Toda arquitetura deveria ser sustentável, mas como se sabe, fala-se hoje sobre sustentabilidade como se fosse uma grande novidade.
Na sua opinião, é moda, é uma tendência ou uma volta à boa arquitetura?
Acredito que o mundo hoje está vendo com os próprios olhos o desgaste mundial, talvez por isso as pessoas estão dando um valor maior a sustentabilidade. Não que uma edificação sustentável esteja somente na moda, mas ainda acredito que com todos os desastres que vem ocorrendo as pessoas possam estar acreditando em uma mudança urgente e por isso estão enfatizando esta história de sustentabilidade. Por isso acredito que sustentabilidade não seja uma moda mas sim uma necessidade, podemos comparar com o alimento que quando ele se acaba fazemos qualquer coisa para consegui-lo. O meio ambiente também é assim, quando percebemos que está se acabando e que realmente precisamos dele para a sobrevivência começamos a fazer qualquer coisa para recuperar, não pelo meio ambiente em si mas pelas pessoas que necessitam dele.

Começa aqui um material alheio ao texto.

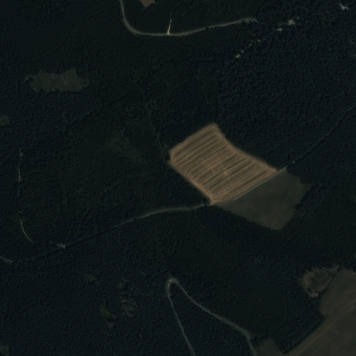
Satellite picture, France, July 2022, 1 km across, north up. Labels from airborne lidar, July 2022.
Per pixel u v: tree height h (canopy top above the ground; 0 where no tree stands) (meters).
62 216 14
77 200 9
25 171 13
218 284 20
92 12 10
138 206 7
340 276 0
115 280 26
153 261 16
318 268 18
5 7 16
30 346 25
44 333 25
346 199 10
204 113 16
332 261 19
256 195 0
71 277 25
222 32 11
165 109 8
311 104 26
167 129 16
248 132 16
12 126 22
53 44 11
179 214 6
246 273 13
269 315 8
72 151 6
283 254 21
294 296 14
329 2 33
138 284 21
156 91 11
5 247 13
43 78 0
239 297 12
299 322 13
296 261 15
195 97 13
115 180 10
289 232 8
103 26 13
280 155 25
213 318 24
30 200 14
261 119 15
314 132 24
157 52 7
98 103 17
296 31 31
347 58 28
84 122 17
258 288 15
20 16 13
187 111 14
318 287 0
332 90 19
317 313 21
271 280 18
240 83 26
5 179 25
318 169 20
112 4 10
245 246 18
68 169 7
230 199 0
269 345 0
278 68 32
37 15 11
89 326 25
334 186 7
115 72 10
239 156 0
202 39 10
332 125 17
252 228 12
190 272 16
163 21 9
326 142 21
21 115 25
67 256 22
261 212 0
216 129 0
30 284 23
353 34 25
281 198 0
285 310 13
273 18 27
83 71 22
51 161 17
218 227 18
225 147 0
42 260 23
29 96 21
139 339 23
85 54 14
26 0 13
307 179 17
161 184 12
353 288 0
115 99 15
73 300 25
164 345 19
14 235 8
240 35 9
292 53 32
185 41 9
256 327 15
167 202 13
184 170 0
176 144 8
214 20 8
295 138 26
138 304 20
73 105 20
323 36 30
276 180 0
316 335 0
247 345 18
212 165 0
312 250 16
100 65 11
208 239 8
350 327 0
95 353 27
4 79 21
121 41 6
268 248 22
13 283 30
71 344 29
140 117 7
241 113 27
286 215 0
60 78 0
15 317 22
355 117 24
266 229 12
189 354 21
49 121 28
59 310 27
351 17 20
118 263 28
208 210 15
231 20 8
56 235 16
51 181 10
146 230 13
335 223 6
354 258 11
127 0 9
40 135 24
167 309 25
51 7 18
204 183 0
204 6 16
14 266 17
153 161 10
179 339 23
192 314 23
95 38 11
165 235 12
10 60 23
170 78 11
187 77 10
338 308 0
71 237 19
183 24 7
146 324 21
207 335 16
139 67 11
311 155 19
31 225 11
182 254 7
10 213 18
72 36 12
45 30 12
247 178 0
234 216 15
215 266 8
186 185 10
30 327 24
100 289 27
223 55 14
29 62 12
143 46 13
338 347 0
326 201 8
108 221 18
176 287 21
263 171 0
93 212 8
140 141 10
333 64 31
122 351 20
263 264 18
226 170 0
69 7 16
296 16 19
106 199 8
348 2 24
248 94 29
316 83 26
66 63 16
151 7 18
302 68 32
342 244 11
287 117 28
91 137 7
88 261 22
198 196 12
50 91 0
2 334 23
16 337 25
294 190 0
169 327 22
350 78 20
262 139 22
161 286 25
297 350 0
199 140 0
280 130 25
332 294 0
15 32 14
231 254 8
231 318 14
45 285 27
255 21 0
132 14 8
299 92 28
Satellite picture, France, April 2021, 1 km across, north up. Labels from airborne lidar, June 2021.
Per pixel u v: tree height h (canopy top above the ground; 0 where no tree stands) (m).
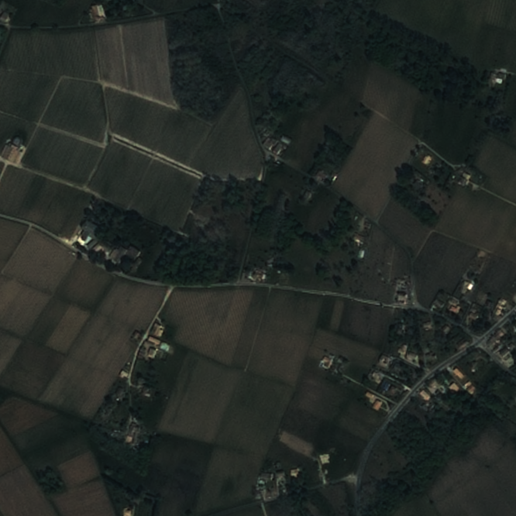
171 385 0
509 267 0
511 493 0
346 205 12
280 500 11
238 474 0
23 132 0
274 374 0
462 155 0
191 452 0
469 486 0
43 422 0
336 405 0
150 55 0
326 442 0
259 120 7
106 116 0
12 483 0
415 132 0
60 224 0
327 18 18
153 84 0
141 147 0
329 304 0
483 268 0
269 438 0
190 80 22
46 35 0
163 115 0
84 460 0
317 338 0
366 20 7
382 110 0
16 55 0
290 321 0
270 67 7
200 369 0
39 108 0
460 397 21
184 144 0
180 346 0
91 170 0
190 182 0
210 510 0
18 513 0
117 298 0
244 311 0
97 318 0
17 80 0
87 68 0
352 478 0
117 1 8
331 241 28
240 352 0
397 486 6
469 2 0
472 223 0
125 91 0
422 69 10
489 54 0
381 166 0
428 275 0
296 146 0
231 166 0
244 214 10
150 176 0
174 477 0
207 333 0
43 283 0
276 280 0
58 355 0
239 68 8
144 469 12
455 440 19
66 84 0
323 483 0
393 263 0
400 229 0
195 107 21
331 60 8
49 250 0
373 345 0
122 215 11
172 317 0
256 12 7
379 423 0
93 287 0
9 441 0
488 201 0
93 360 0
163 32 0
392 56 20
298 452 0
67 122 0
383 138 0
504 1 0
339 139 19
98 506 0
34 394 0
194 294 0
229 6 13
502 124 15
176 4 0
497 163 0
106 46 0
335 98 0
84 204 0
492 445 0
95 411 0
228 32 13
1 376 0
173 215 0
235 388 0
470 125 0
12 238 0
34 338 0
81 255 10
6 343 0
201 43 13
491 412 16
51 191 0
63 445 0
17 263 0
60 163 0
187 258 27
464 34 0
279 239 11
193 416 0
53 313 0
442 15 0
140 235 0
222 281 9
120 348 0
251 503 0
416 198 14
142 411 7
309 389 0

A sustentabilidade deve ser aplicada em todos os sentidos. Enquanto alguns usam produtos recicláveis, tintas a base de água, energias renováveis e limpas, as grandes empresas, latifundiários e fazendeiros, por sua vez, desmatam, abusam dos combustíveis fósseis e poluem mares e rios.

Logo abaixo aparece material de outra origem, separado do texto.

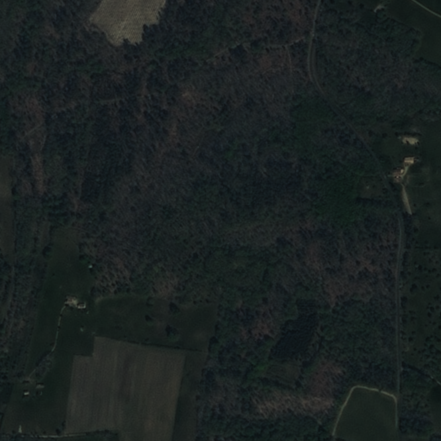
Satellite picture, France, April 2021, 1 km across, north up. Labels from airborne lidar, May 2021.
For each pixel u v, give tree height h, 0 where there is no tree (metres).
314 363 16
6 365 9
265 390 13
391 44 13
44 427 0
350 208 17
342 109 17
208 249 15
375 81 16
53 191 14
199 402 16
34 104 7
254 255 19
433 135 0
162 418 0
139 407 0
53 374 0
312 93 20
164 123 14
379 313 15
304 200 14
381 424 0
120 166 16
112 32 0
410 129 0
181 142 10
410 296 0
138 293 20
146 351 0
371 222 20
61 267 0
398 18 0
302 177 17
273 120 14
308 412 12
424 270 16
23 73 20
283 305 8
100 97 13
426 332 0
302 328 10
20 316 9
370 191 0
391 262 7
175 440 0
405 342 12
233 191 15
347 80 7
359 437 0
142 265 19
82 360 0
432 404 0
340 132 15
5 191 0
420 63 11
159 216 12
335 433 0
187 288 13
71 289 0
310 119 18
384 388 16
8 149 14
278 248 7
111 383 0
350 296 8
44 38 11
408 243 13
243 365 14
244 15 11
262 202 21
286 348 10
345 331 20
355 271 7
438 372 10
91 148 7
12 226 0
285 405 10
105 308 0
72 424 0
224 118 9
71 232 0
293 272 26
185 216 10
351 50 9
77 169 27
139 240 13
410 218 16
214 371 15
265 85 7
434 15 0
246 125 15
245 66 17
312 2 14
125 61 9
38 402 0
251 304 16
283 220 8
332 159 14
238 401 15
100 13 0
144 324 0
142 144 12
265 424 15
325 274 9
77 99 26
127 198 13
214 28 15
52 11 7
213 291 11
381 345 20
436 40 0
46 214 15
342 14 9
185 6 5
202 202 16
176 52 16
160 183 10
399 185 0
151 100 16
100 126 8
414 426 15
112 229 12
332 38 11
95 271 12
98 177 15
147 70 11
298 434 20
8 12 11
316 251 8
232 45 15
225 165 13
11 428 0
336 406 14
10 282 7
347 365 17
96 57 11
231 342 17
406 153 0
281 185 17
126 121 18
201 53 13
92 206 16
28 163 8
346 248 9
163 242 15
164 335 0
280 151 12
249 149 25
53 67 18
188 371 0
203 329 0
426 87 14
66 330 0
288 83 14
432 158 0
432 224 0
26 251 17
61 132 13
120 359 0
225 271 16
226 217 24
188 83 13
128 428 0
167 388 0
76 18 25
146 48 14
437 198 0
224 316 17
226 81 14
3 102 17
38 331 0
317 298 16
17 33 17
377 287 16
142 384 0
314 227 9
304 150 14
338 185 17
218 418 19
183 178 18
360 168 16
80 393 0
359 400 0
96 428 0
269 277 22
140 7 0
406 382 12
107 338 0
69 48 11
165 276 13
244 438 21
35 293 8
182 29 9
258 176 19
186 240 6
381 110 17
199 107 12
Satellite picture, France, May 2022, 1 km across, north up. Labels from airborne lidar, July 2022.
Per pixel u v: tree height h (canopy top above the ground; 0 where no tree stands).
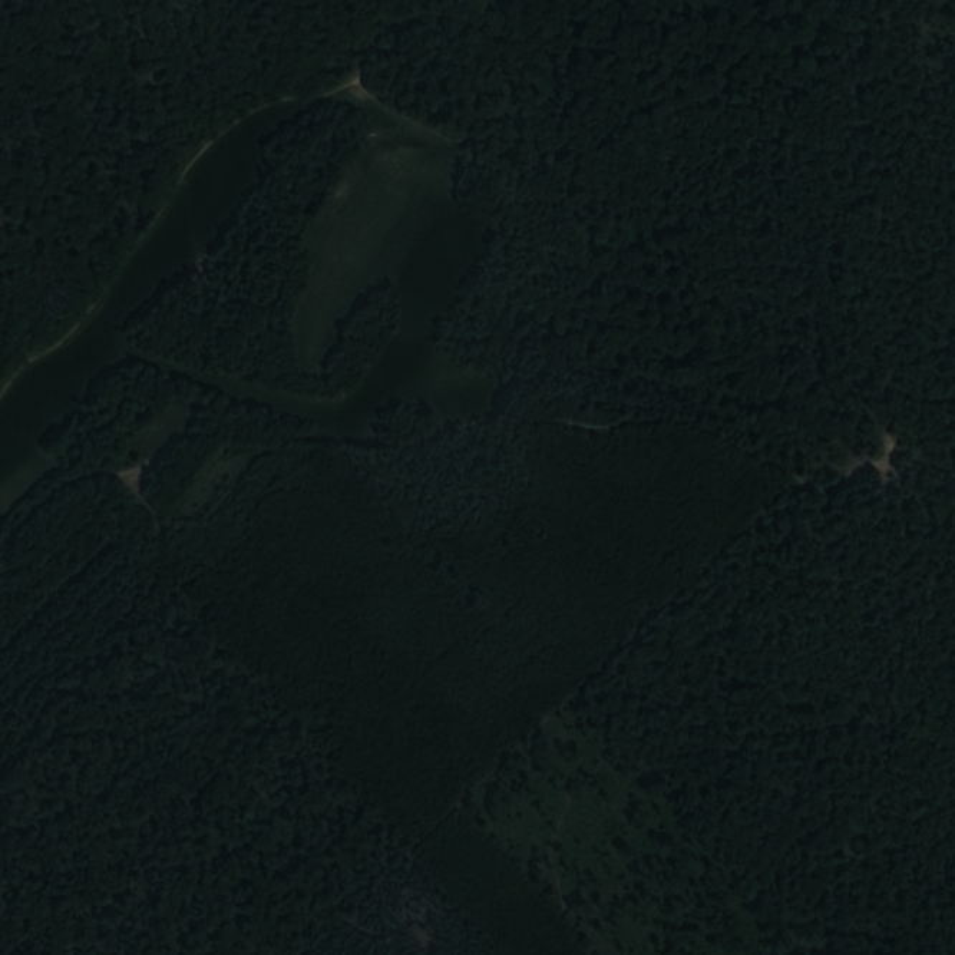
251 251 20
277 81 29
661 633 25
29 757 20
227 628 15
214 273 18
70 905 22
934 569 18
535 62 22
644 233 23
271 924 20
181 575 19
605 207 25
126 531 20
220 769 19
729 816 17
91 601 19
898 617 14
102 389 21
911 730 25
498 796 19
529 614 11
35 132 23
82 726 26
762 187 24
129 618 17
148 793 22
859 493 22
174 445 16
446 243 0
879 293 15
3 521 11
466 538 18
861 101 21
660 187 18
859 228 17
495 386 0
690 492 11
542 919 11
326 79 21
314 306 0
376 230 0
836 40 19
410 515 18
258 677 7
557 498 15
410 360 0
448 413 0
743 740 21
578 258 29
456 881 9
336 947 18
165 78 22
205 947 20
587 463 13
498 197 21
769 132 21
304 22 29
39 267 18
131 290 0
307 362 0
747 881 24
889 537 21
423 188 0
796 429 29
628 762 19
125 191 25
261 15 26
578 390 25
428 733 14
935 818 16
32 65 28
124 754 20
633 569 11
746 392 29
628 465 15
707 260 19
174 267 0
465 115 27
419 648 8
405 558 11
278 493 13
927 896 18
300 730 23
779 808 19
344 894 17
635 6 29
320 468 15
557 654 10
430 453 20
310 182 16
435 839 6
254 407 20
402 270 0
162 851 26
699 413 14
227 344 26
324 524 13
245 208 11
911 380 17
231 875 19
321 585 13
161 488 24
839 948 26
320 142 18
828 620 14
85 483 21
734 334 21
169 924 25
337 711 14
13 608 24
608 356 24
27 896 22
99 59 30
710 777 22
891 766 18
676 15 27
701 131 15
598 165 22
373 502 20
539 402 20
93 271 21
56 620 12
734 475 13
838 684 20
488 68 27
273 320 15
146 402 21
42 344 17
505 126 28
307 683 11
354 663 18
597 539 14
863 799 21
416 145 0
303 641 16
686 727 18
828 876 19
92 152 22
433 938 19
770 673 21
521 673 13
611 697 22
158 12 16
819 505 22
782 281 21
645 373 25
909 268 15
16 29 31
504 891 8
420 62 22
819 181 20
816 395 30
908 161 22
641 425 16
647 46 28
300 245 21

Os bens de consumo devem ser biodegradáveis, assim retomando o ciclo natural, devolvendo à natureza a matéria prima. Alguns recursos naturais são gastos em uma proporção maior do que a natureza pode repor.
Levando em consideração o que será poupado pela “Arquitetura sustentável” se comparado a o que as grandes petrolíferas, serralherias e usinas termoelétricas poupam, o esforço da parcela civil pouco vai influenciar em proporções mundiais.

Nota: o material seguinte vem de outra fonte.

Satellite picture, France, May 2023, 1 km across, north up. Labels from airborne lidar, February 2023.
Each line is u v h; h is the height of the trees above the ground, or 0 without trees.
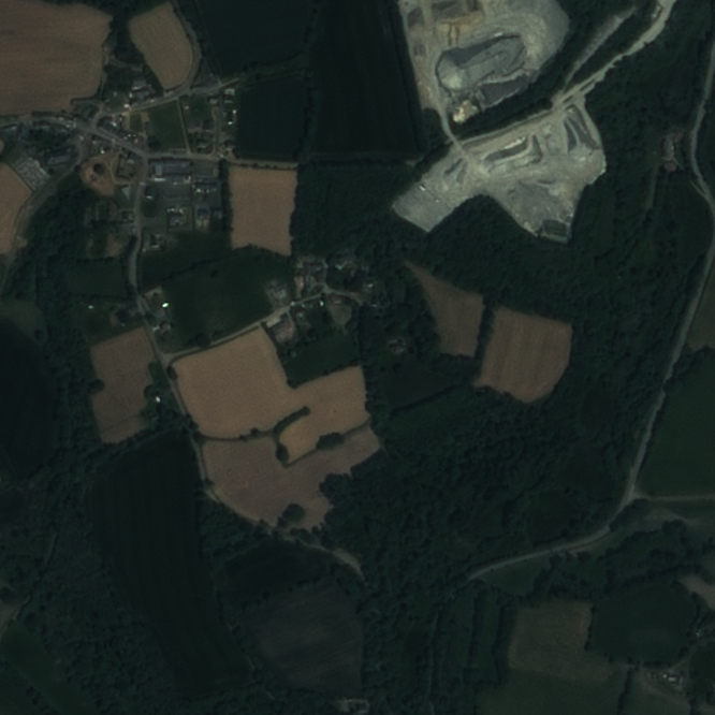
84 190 7
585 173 0
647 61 21
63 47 0
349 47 0
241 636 13
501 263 19
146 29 0
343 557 0
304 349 6
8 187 0
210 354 0
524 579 0
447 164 0
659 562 15
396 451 20
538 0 0
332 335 8
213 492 0
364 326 20
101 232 10
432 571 11
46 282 17
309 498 0
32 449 0
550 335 0
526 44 0
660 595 0
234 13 0
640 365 18
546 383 0
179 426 12
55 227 7
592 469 0
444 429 22
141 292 7
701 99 8
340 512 18
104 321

Acredito que não é uma tendência propriamente dita, mas uma necessidade. É hipocrisia acreditarmos que queremos salvar o mundo e a natureza. Queremos salvar a nós mesmos. Essa tendência é reflexo disso, reflexo de uma necessidade.
Ainda não há nos dicionários nacionais o sólido emprego da 'sustentabilidade'. Entretanto, sabemos que é uma derivação do que venha a se sustentar, ou seja, manter(-se), confirmar(uma afirmação, uma opinião), escorar, aguentar, suportar, conservar(-se), suster(-se), dentre tantos outros congêneres. Penso que é hilário falarmos de arquitetura sustentável sem antes exigirmos que a matéria-prima que sustenta o objeto arquitetônico seja originalmente sustentável, criada no mais complexo e rígido controle de qualidade, no qual o meio-ambiente torna-se o principal cliente-fornecedor daquilo que se propõe a receber, sem, é claro, esquecermos do entorno, das nossas periferias e do nosso ecossistema como um todo.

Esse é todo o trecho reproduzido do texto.